◆ **Data for analysis**
----------

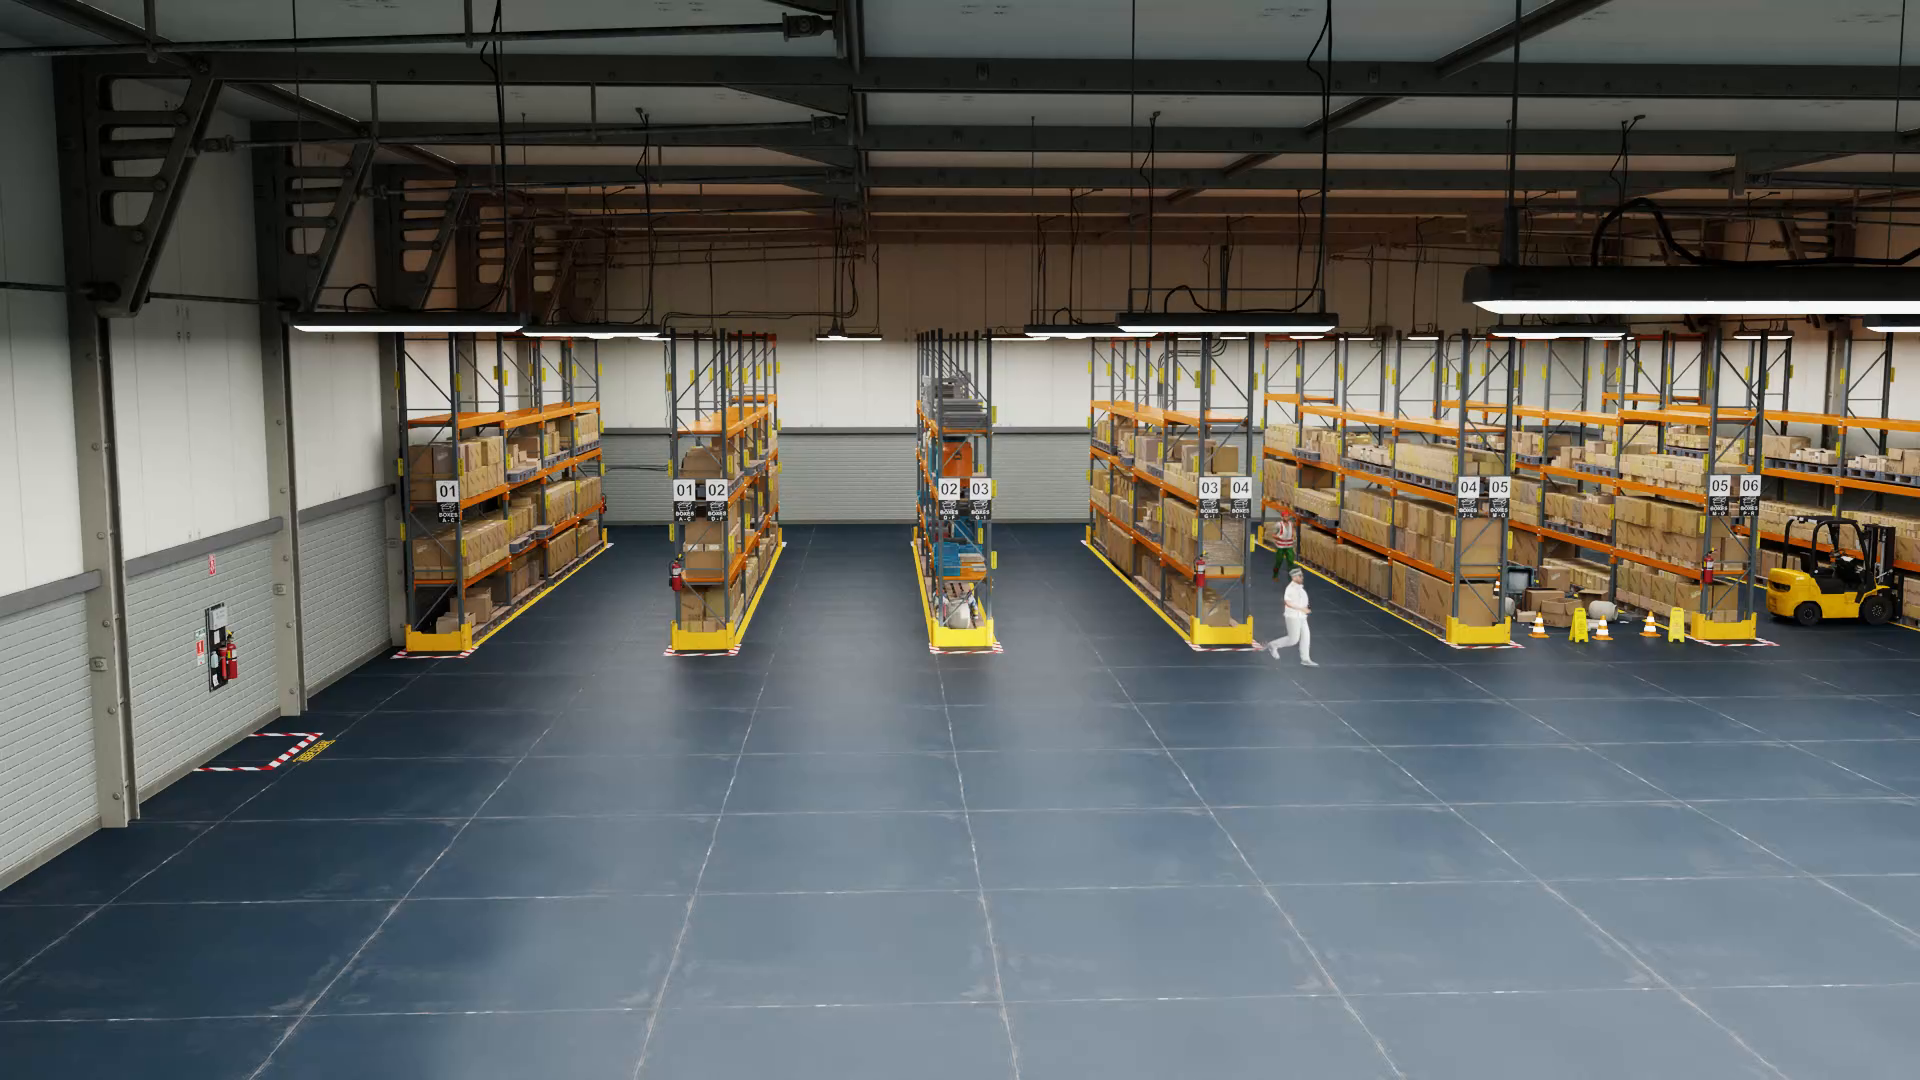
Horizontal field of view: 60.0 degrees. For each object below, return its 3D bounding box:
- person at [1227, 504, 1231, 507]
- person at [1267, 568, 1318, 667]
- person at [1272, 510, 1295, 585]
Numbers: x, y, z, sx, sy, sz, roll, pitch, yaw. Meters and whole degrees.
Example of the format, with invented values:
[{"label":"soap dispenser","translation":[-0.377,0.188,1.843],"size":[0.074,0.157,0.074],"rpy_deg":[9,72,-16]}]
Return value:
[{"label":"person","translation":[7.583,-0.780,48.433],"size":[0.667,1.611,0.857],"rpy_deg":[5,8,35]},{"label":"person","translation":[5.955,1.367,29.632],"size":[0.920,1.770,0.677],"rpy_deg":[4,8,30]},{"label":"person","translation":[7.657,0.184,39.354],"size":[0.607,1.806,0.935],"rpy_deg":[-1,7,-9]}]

----------

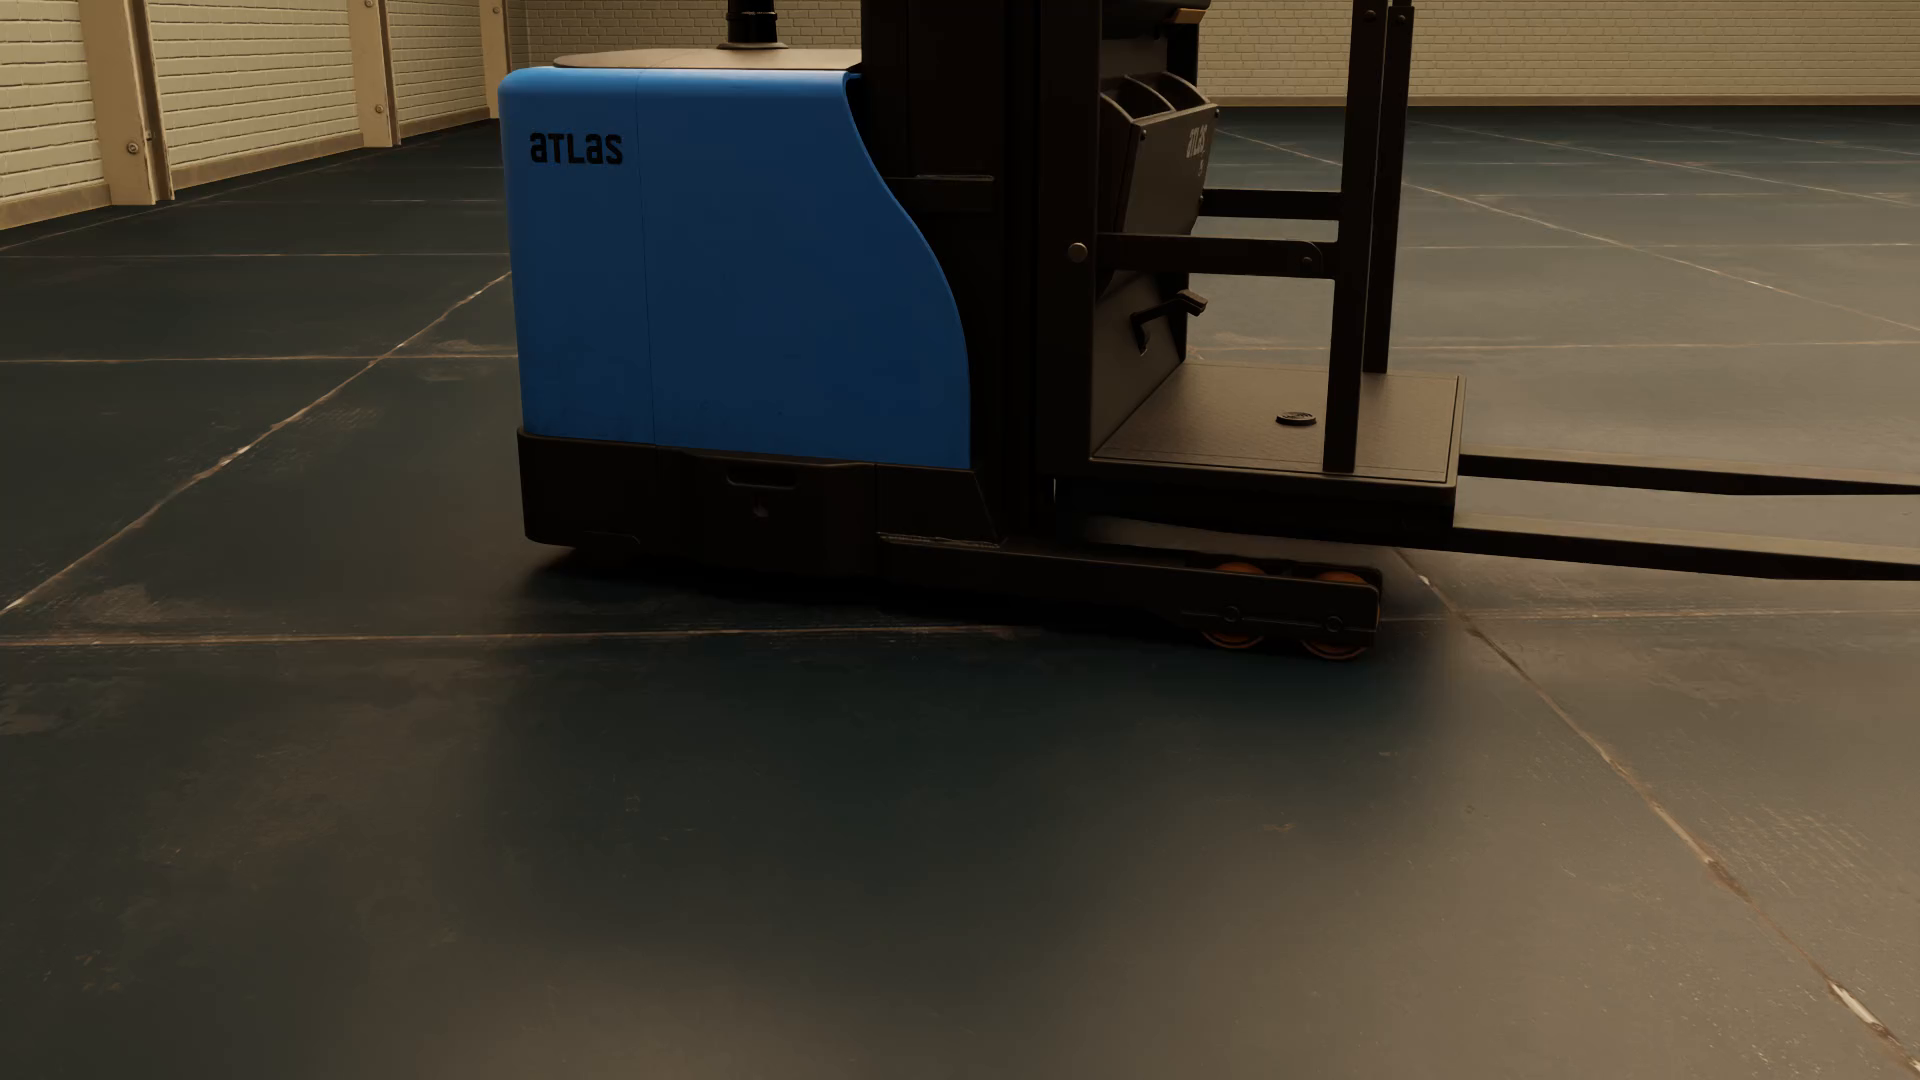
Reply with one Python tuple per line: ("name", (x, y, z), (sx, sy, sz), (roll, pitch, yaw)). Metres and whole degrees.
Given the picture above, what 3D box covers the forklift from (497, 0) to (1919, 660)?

----------

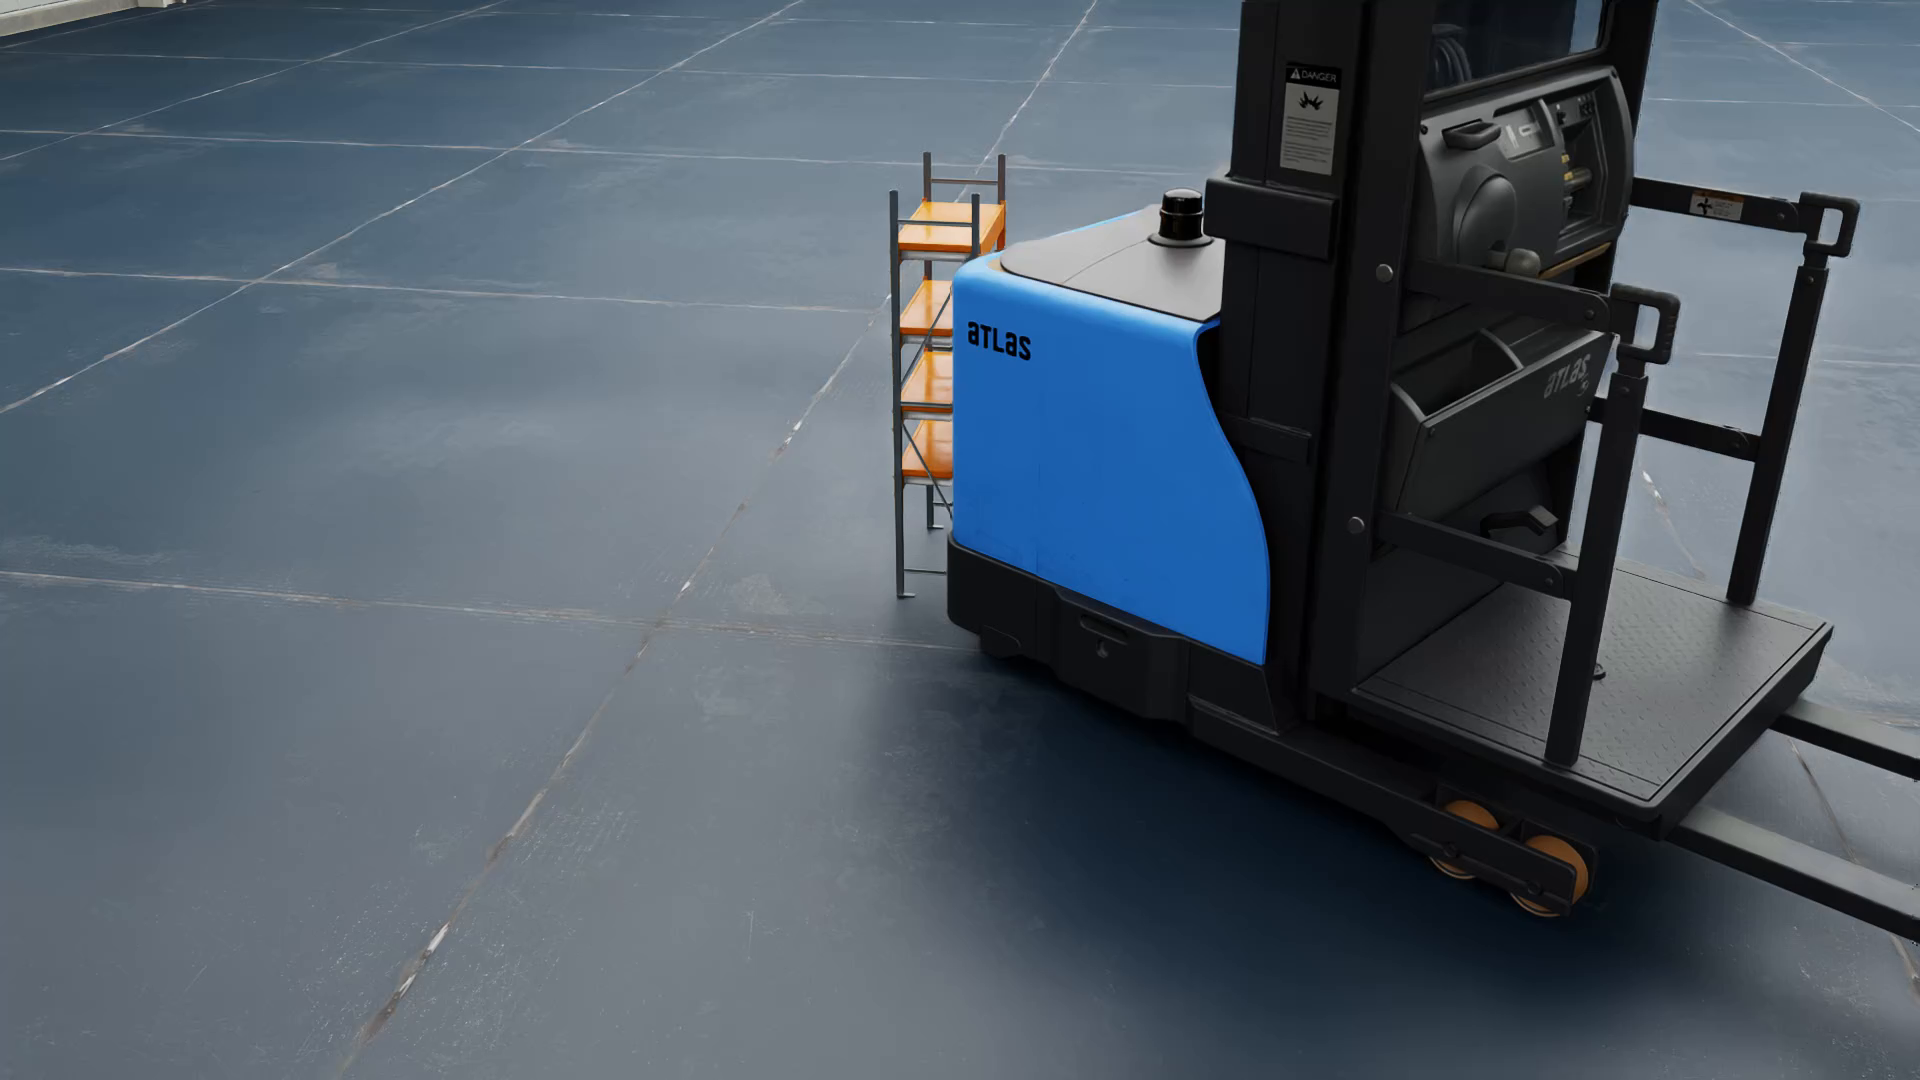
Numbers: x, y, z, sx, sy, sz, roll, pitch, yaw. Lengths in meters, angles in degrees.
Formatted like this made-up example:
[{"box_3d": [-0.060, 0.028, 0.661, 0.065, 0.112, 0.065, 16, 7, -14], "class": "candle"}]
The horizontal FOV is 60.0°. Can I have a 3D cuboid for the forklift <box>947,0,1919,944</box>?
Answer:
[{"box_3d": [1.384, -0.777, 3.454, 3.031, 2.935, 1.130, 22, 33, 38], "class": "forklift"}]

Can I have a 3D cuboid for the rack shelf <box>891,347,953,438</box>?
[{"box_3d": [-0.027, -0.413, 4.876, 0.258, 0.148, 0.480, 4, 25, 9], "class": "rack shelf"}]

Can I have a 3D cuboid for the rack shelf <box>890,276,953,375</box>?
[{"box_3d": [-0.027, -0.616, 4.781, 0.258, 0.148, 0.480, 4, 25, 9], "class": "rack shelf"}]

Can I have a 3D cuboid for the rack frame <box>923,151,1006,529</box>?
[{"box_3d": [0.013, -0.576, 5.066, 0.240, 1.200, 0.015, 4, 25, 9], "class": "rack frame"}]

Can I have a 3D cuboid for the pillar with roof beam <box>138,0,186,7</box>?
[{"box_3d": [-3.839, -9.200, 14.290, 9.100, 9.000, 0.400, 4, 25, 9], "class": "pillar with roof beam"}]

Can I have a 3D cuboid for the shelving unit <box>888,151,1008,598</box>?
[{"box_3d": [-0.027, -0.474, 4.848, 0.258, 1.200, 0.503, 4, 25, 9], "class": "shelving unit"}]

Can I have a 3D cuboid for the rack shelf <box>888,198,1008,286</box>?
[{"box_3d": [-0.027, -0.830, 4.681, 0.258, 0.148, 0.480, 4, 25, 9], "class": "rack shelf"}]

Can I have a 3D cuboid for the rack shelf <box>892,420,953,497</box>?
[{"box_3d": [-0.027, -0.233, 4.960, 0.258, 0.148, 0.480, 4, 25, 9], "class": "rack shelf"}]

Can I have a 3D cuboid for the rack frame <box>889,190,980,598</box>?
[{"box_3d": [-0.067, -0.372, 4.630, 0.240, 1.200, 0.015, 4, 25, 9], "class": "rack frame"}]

----------

◆ **Exercise brief**
Give the number of lines in the data that include the string "pitch", please, and nothing else.

◆ **Task solution**
3